> **What the exercise asks**: In the entries that follow, the lines from the one with "text Als u naar" through the one with "text Vragen? [248, 994, 1152, 1019]" are the ones to write out, exactly and with both ends included. Nothing else should appear.

(Data excerpts)

━━━━

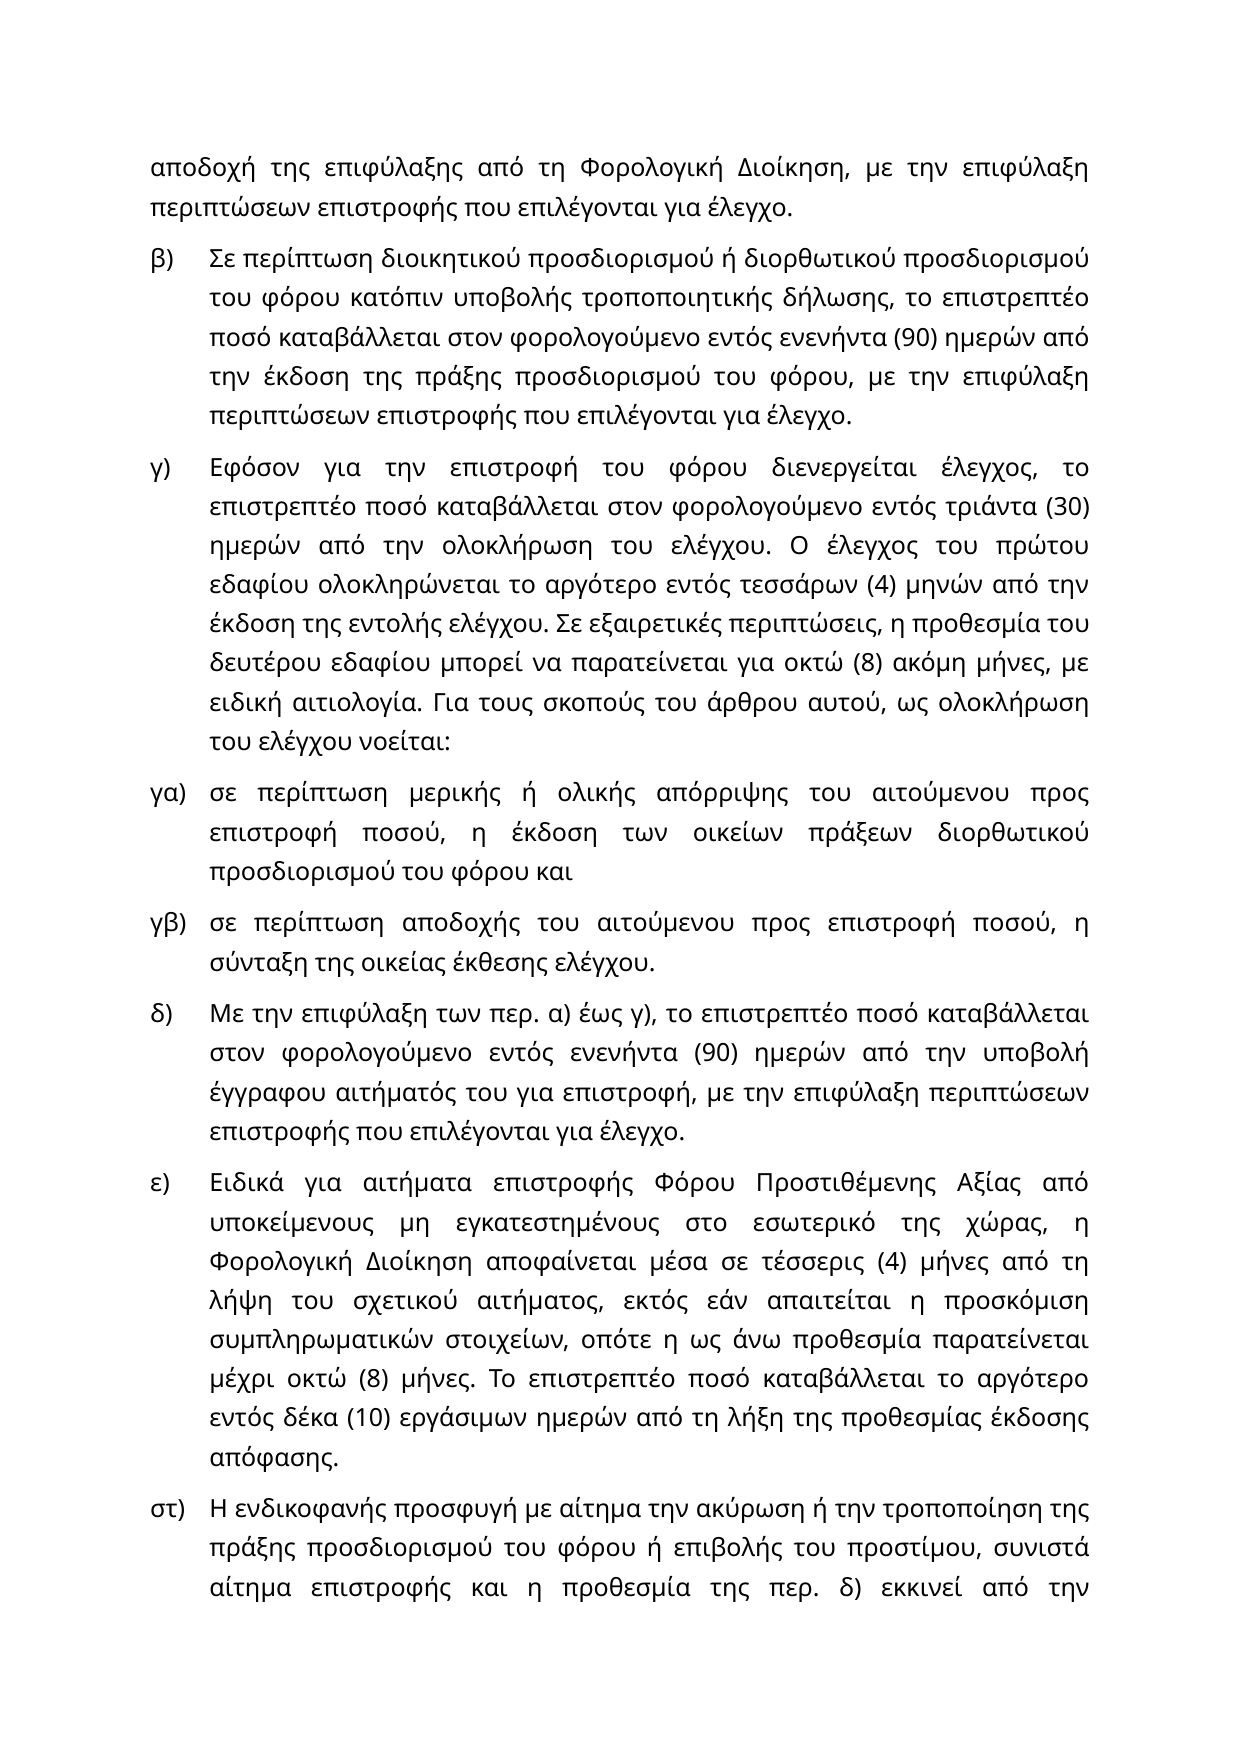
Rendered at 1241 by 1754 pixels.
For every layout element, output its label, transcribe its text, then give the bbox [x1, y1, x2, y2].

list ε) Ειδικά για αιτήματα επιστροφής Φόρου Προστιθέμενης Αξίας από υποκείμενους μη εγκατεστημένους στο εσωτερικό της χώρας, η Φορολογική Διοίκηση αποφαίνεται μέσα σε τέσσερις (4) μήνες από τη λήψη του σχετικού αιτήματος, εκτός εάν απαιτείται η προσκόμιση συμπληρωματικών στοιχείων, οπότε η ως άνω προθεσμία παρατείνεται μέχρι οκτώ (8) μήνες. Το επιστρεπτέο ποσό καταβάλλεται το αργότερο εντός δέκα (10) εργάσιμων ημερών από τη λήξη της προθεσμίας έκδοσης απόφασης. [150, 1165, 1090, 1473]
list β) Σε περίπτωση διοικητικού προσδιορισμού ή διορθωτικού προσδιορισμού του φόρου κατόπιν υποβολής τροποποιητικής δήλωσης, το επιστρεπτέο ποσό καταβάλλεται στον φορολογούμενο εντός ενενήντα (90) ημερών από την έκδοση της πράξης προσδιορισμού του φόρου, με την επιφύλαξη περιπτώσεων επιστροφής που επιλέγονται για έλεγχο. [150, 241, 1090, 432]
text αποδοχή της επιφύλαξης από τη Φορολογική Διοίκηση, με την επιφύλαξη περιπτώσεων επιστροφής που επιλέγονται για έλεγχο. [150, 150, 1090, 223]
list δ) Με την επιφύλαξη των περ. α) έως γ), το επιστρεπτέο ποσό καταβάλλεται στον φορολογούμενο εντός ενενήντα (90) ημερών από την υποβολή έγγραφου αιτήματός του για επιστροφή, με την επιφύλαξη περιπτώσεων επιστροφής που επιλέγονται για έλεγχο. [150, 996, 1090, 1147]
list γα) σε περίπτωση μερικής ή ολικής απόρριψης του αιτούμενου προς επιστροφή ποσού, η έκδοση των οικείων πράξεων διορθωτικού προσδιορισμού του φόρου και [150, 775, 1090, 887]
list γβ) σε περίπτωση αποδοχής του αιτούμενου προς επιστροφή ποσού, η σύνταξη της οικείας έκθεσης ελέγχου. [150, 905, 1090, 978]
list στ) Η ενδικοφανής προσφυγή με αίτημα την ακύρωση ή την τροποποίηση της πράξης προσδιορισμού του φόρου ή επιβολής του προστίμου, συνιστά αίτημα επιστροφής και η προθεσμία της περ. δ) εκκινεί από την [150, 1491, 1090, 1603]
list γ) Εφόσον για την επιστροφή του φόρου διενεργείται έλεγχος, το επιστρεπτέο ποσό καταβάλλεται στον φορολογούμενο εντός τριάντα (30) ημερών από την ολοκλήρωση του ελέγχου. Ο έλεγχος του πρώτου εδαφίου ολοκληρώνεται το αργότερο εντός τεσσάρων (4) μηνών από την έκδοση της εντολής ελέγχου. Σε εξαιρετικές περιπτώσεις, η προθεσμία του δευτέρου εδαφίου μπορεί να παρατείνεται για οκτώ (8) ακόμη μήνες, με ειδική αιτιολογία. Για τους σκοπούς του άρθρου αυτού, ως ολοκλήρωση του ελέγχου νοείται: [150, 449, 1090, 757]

━━━━

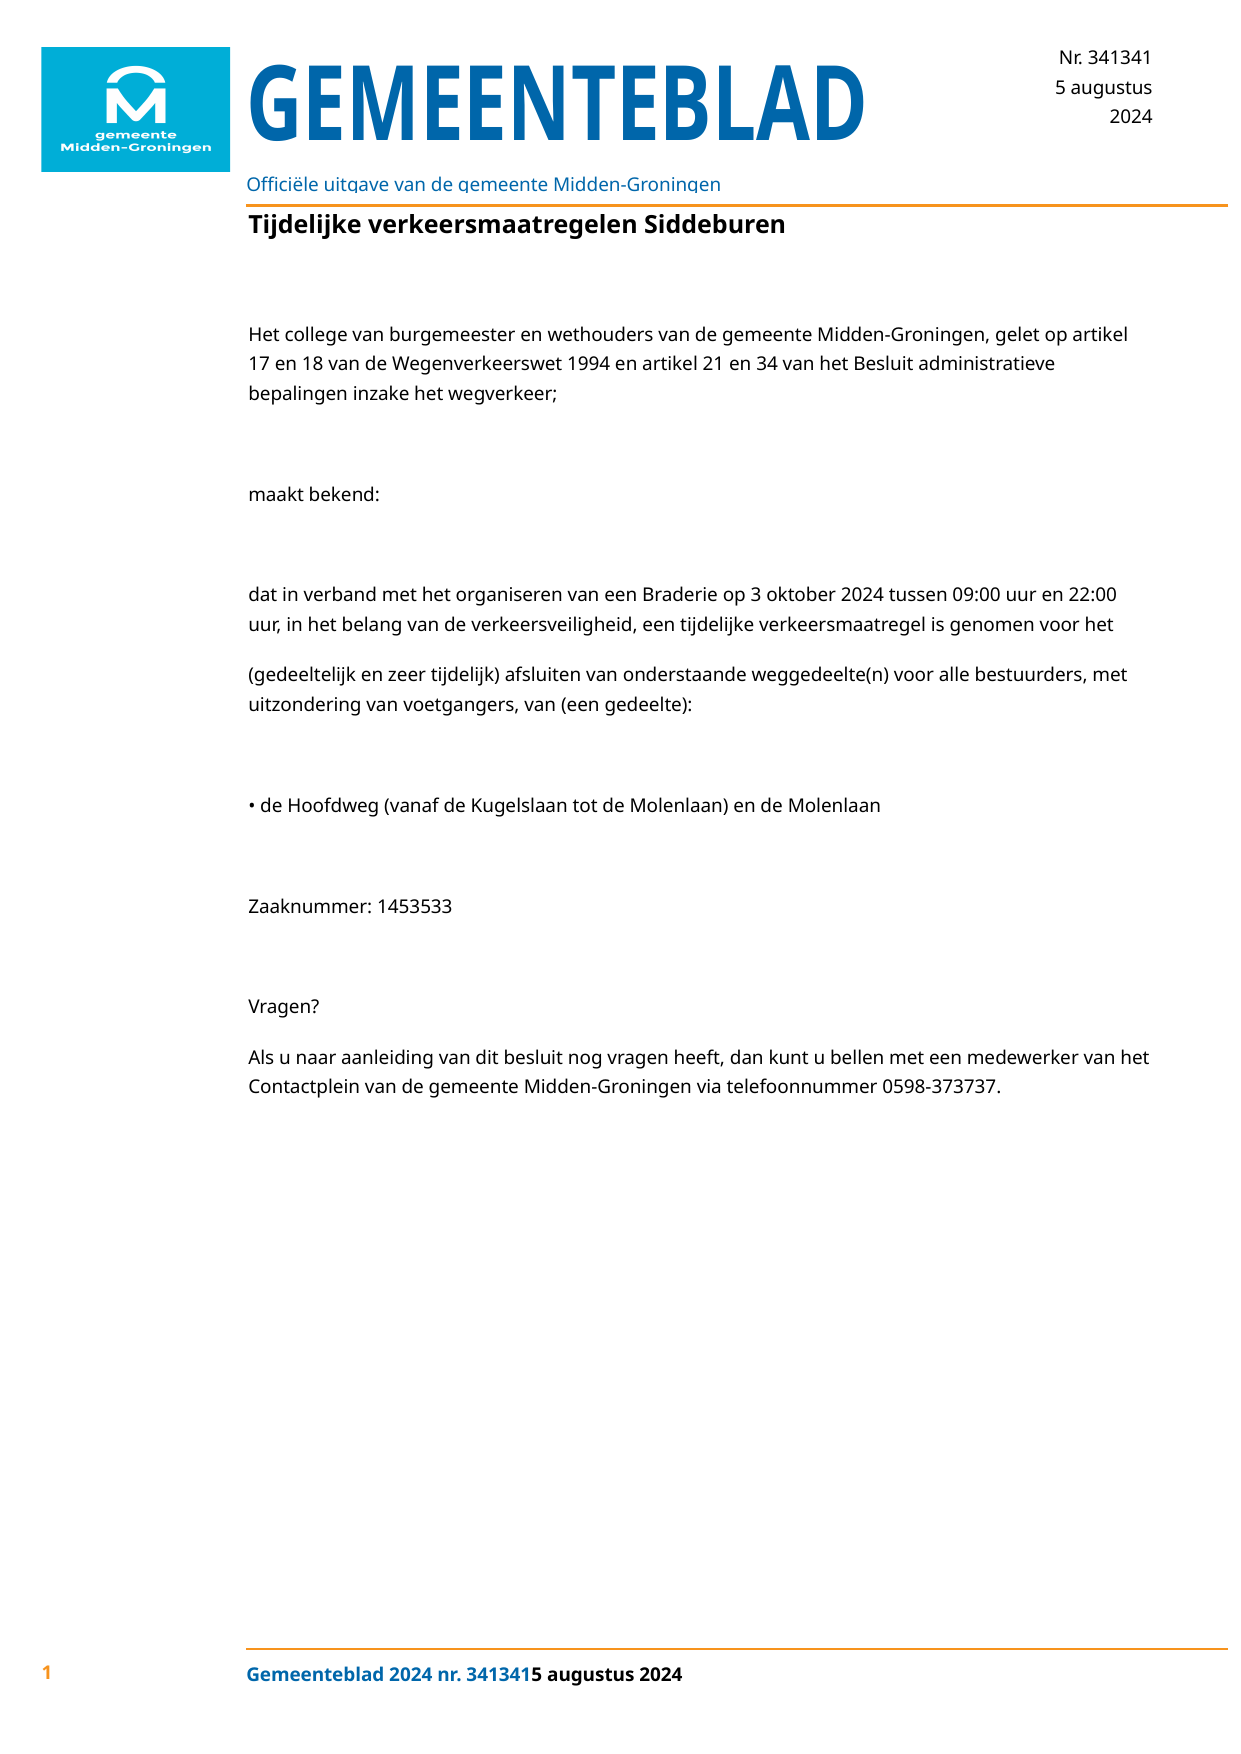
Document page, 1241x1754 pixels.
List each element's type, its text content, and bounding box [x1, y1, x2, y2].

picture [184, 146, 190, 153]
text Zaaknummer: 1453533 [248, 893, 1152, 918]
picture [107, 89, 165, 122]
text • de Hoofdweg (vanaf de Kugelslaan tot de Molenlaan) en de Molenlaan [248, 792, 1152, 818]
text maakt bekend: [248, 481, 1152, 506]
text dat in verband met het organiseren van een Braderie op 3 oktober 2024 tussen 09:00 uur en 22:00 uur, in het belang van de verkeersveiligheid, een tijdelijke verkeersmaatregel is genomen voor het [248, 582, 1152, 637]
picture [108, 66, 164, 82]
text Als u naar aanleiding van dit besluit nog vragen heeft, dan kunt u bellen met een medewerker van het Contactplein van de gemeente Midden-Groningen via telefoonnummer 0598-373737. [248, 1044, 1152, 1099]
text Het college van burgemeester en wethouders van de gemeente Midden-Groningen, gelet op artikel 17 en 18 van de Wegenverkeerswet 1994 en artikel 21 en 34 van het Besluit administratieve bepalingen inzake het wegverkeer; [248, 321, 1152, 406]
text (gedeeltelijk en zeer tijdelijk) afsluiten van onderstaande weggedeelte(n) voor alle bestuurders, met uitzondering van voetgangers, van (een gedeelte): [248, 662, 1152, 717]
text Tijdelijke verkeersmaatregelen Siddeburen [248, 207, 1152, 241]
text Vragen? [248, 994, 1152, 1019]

━━━━

> **Result of the task**:
text Als u naar aanleiding van dit besluit nog vragen heeft, dan kunt u bellen met een medewerker van het Contactplein van de gemeente Midden-Groningen via telefoonnummer 0598-373737. [248, 1044, 1152, 1099]
text Het college van burgemeester en wethouders van de gemeente Midden-Groningen, gelet op artikel 17 en 18 van de Wegenverkeerswet 1994 en artikel 21 en 34 van het Besluit administratieve bepalingen inzake het wegverkeer; [248, 321, 1152, 406]
text (gedeeltelijk en zeer tijdelijk) afsluiten van onderstaande weggedeelte(n) voor alle bestuurders, met uitzondering van voetgangers, van (een gedeelte): [248, 662, 1152, 717]
text Tijdelijke verkeersmaatregelen Siddeburen [248, 207, 1152, 241]
text Vragen? [248, 994, 1152, 1019]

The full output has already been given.